Recorded data
◇ ◇ ◇ ◇

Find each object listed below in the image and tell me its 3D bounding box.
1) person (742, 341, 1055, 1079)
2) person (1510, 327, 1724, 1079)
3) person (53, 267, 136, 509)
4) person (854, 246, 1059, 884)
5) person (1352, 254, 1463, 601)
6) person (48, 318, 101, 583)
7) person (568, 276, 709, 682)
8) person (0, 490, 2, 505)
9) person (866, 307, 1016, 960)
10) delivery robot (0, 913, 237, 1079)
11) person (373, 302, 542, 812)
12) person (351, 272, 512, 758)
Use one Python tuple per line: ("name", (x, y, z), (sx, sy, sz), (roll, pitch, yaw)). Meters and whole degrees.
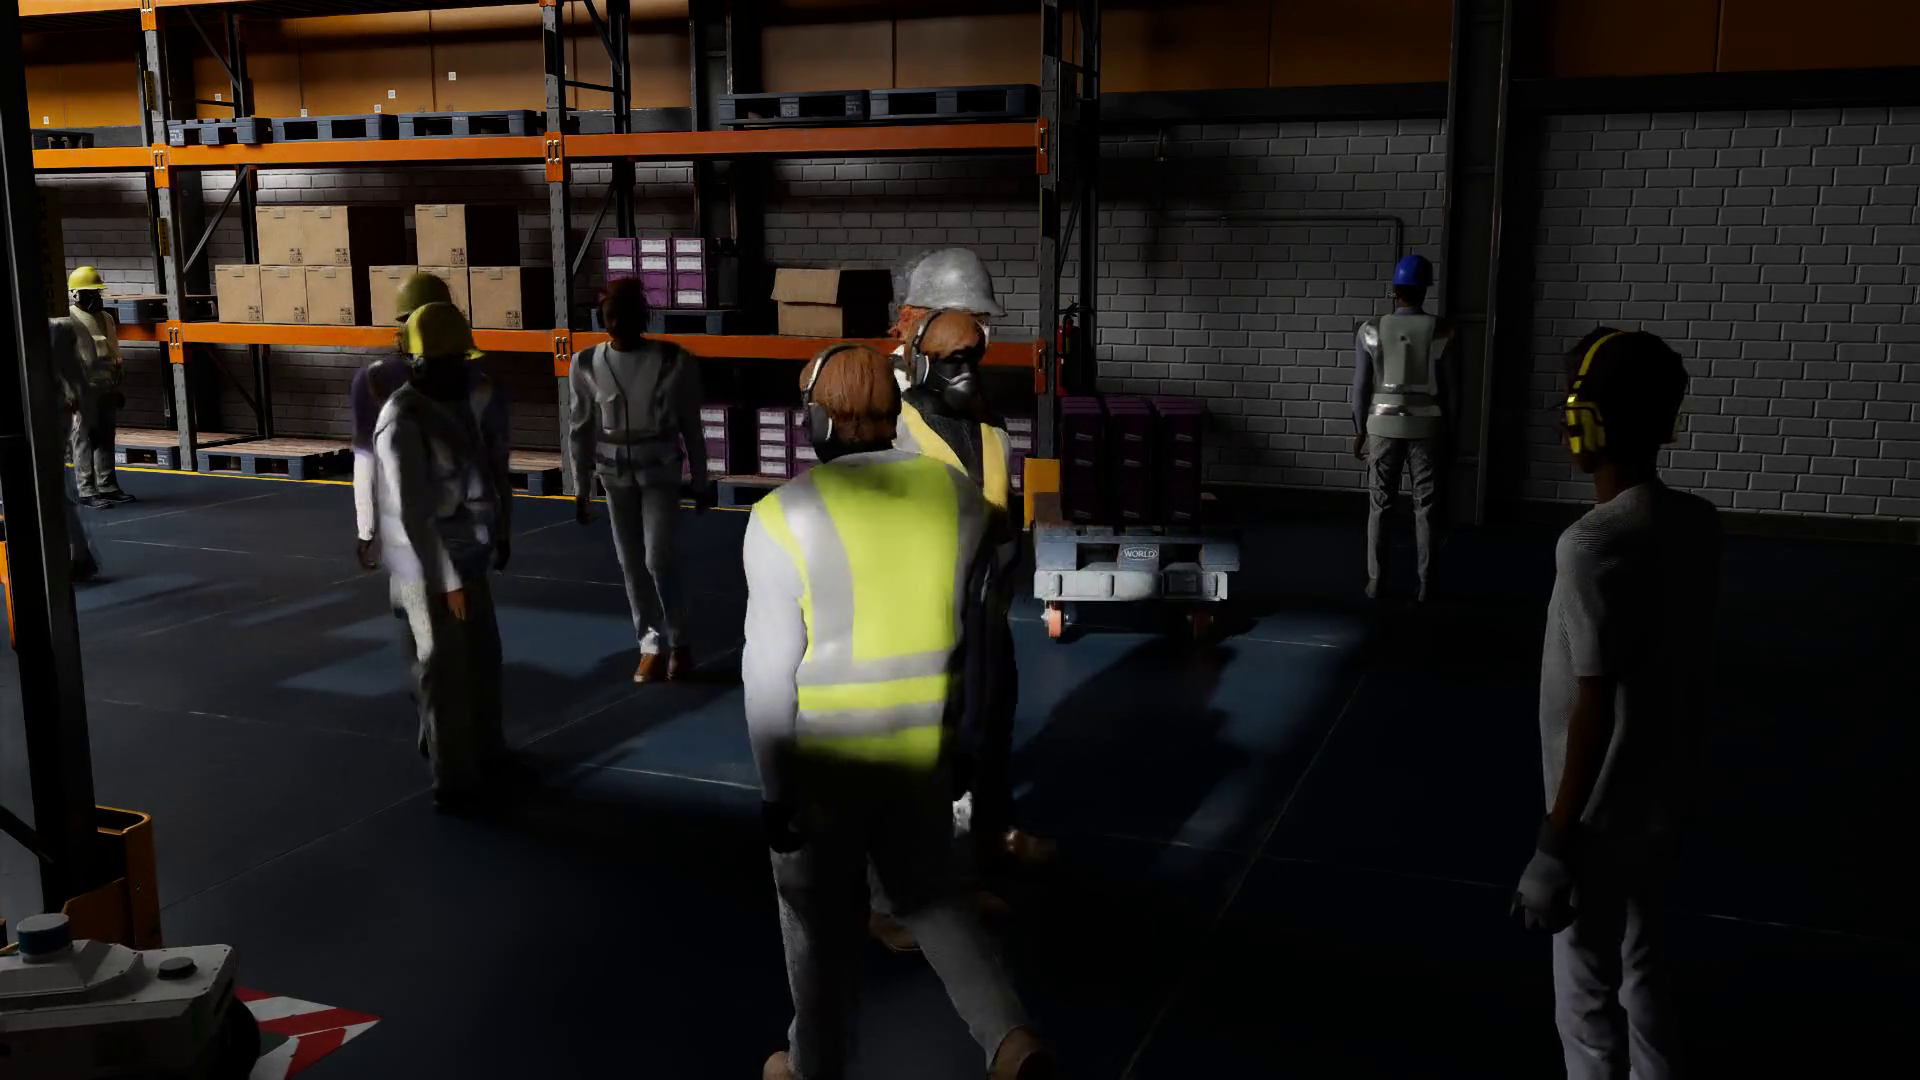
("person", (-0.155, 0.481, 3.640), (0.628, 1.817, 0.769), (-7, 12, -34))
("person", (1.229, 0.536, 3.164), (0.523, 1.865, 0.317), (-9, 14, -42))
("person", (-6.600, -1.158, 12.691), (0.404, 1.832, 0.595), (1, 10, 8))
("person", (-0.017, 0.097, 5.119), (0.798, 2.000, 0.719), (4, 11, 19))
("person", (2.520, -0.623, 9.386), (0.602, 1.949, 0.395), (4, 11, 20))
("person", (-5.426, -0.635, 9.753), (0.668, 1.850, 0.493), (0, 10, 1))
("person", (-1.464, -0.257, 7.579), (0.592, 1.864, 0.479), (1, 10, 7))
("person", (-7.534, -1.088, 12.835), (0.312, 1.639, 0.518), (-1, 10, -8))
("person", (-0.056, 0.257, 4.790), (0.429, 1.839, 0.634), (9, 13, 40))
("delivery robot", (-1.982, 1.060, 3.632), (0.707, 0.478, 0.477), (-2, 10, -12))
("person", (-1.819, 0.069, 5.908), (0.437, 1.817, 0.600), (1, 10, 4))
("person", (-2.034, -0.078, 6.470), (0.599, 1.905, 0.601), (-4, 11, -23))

◇ ◇ ◇ ◇

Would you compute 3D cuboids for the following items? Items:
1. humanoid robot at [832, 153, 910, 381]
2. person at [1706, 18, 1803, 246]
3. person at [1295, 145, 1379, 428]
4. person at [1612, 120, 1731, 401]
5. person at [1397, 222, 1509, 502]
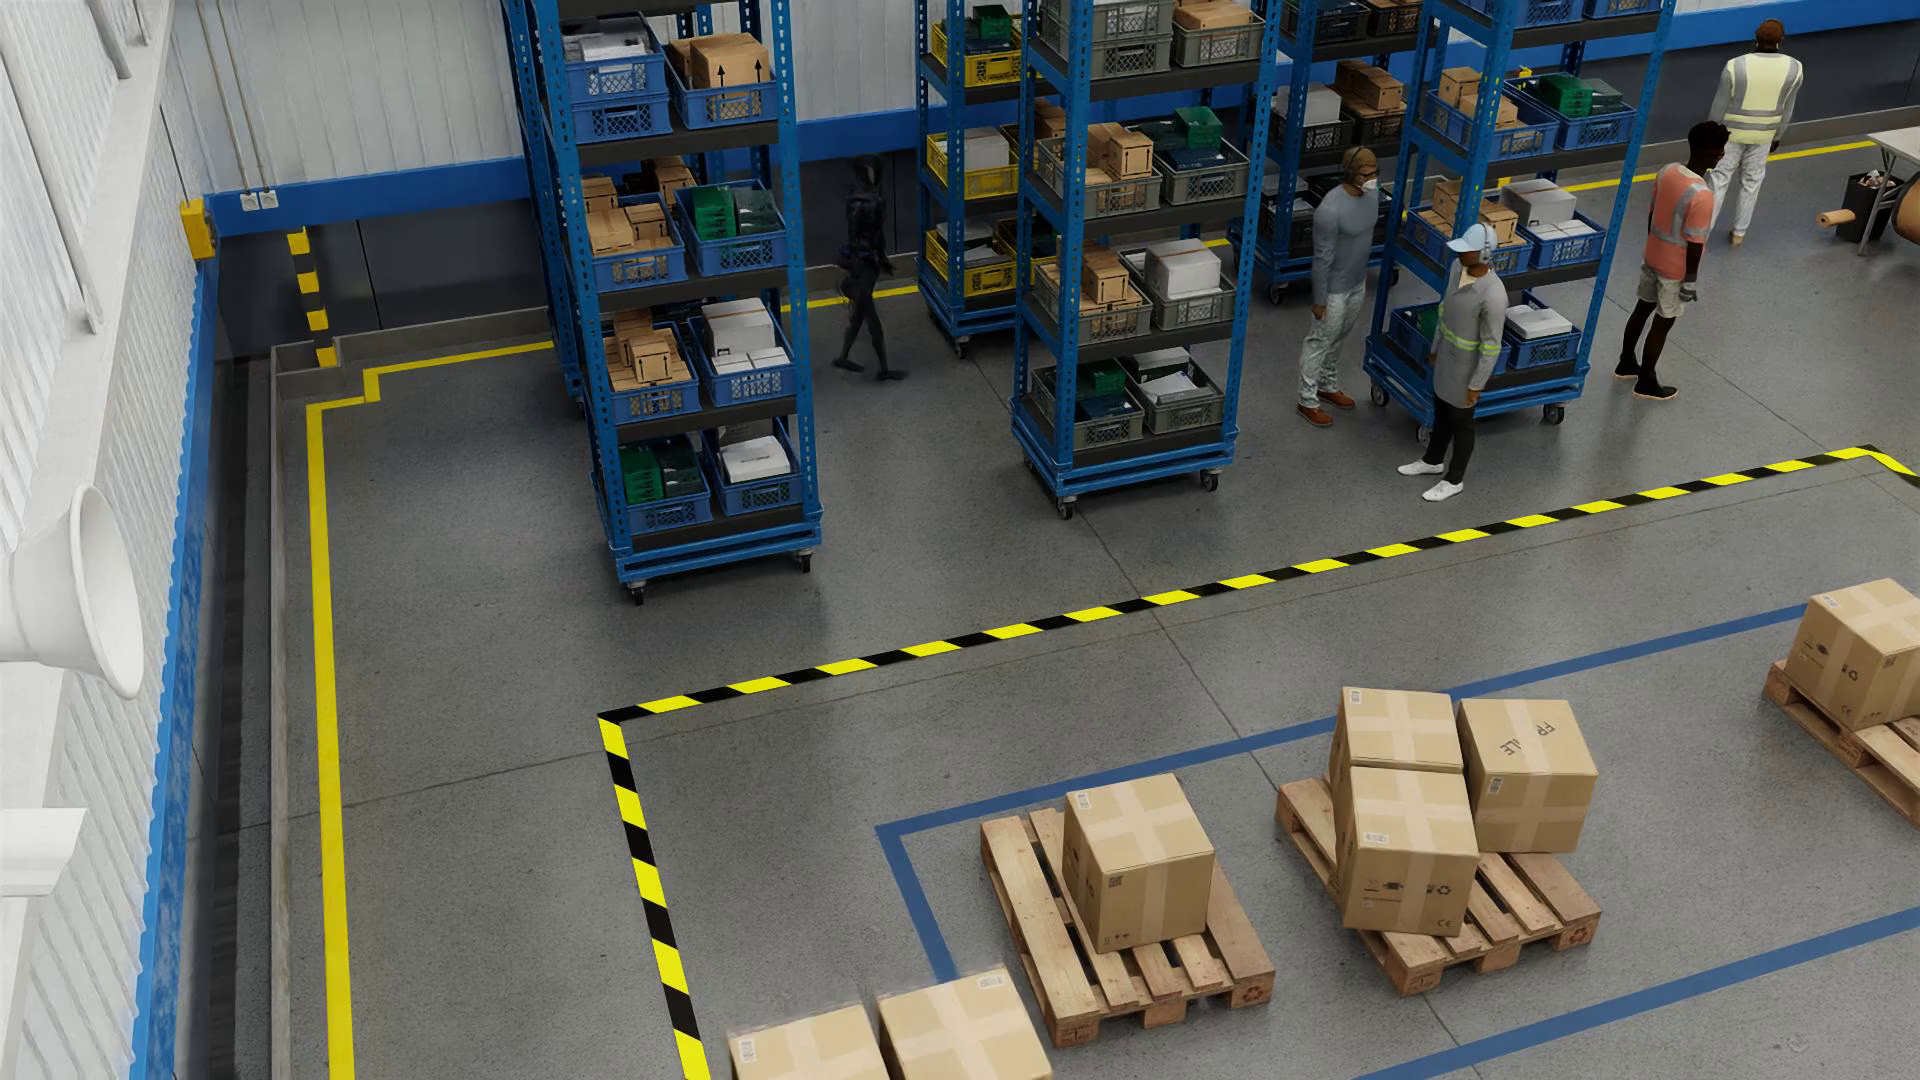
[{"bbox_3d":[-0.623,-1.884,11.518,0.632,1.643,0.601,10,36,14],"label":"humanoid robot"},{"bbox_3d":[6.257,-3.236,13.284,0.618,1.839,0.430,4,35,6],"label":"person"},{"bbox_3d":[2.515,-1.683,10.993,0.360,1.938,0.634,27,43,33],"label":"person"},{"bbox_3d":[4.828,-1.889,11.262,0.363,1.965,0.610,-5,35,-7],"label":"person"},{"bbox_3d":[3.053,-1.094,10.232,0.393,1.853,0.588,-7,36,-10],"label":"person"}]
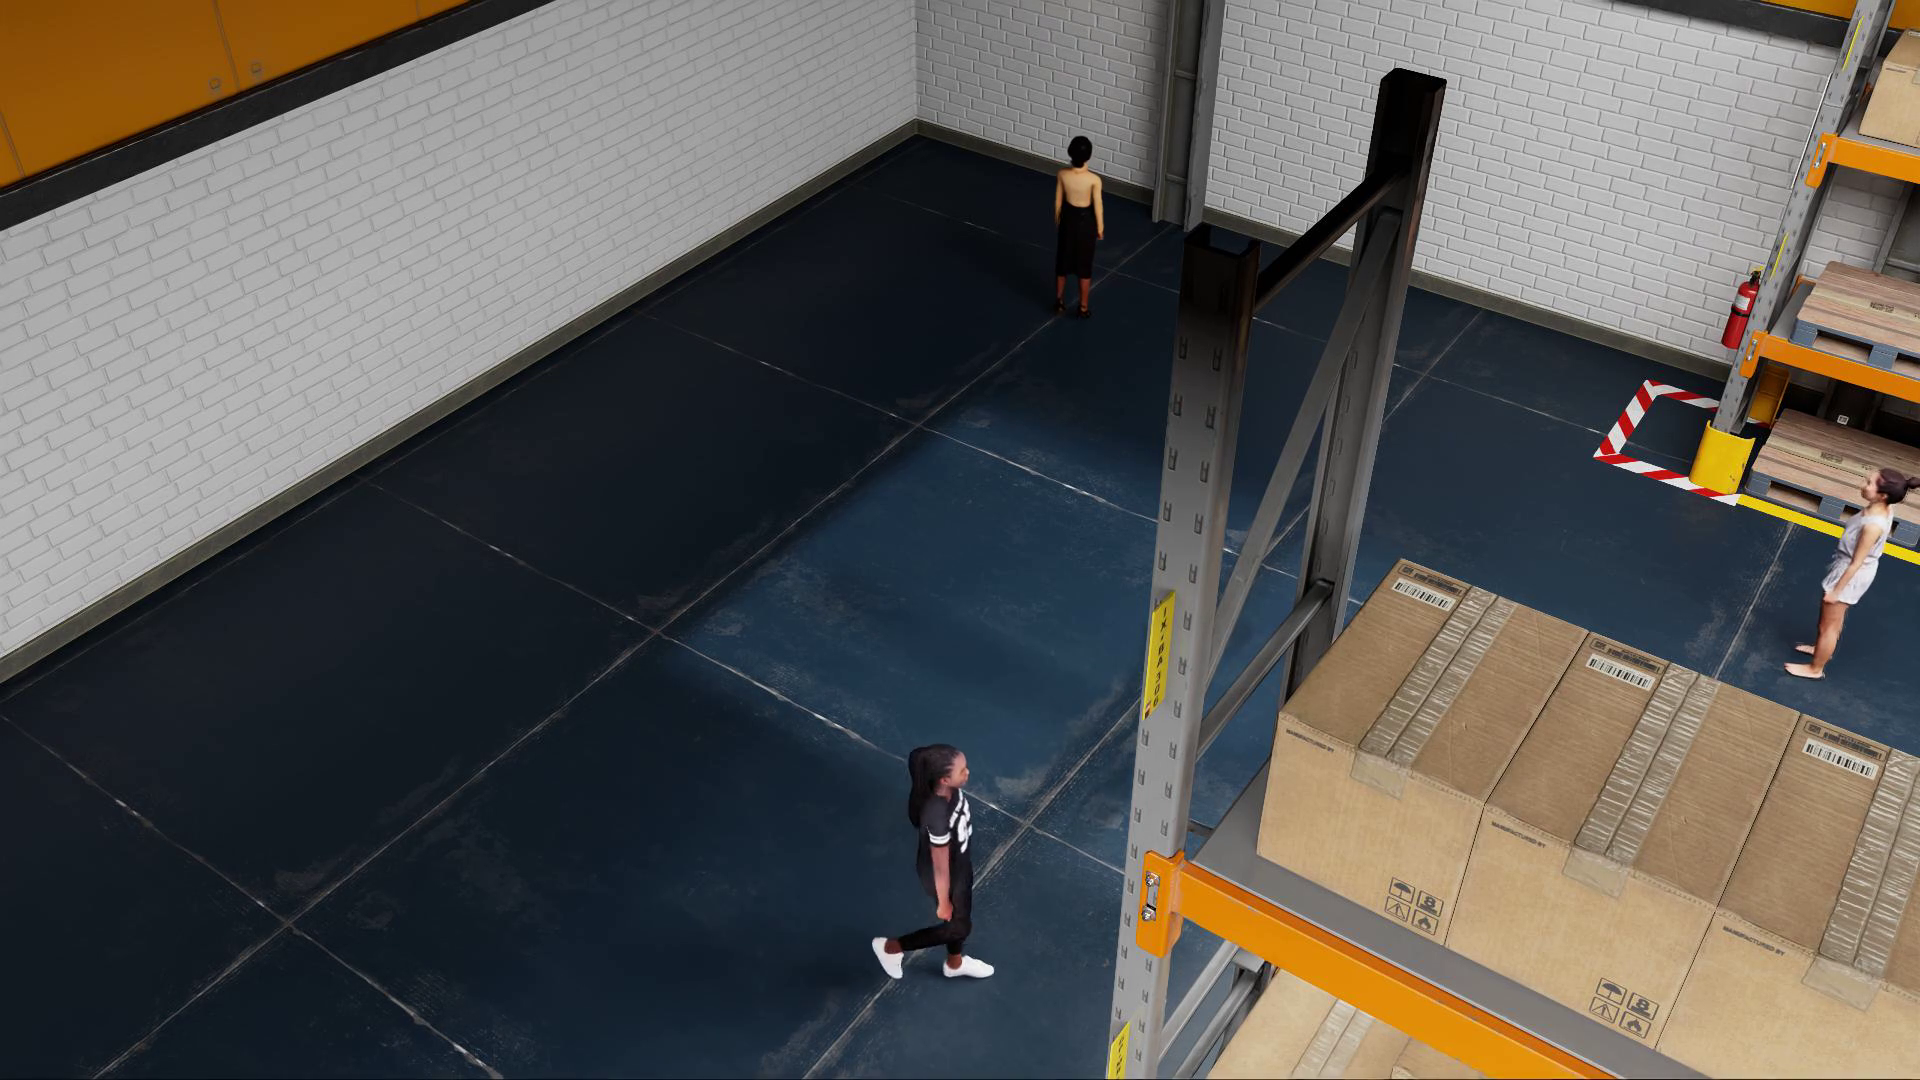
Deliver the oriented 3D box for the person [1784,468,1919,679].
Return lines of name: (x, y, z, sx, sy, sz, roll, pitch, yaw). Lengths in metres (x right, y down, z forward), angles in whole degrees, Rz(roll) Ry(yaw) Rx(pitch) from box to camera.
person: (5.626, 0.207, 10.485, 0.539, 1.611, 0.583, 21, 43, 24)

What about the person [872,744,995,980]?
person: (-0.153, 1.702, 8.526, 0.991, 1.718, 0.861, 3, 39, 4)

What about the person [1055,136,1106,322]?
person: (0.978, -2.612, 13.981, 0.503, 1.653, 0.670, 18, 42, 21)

◇ ◇ ◇ ◇

Directions
In the entries above, restate word for word the lines between the one holding "1) person (742, 341, 1055, 1079)" and the one holding "8) person (0, 490, 2, 505)", inclusive, and nothing besides.

Result
1) person (742, 341, 1055, 1079)
2) person (1510, 327, 1724, 1079)
3) person (53, 267, 136, 509)
4) person (854, 246, 1059, 884)
5) person (1352, 254, 1463, 601)
6) person (48, 318, 101, 583)
7) person (568, 276, 709, 682)
8) person (0, 490, 2, 505)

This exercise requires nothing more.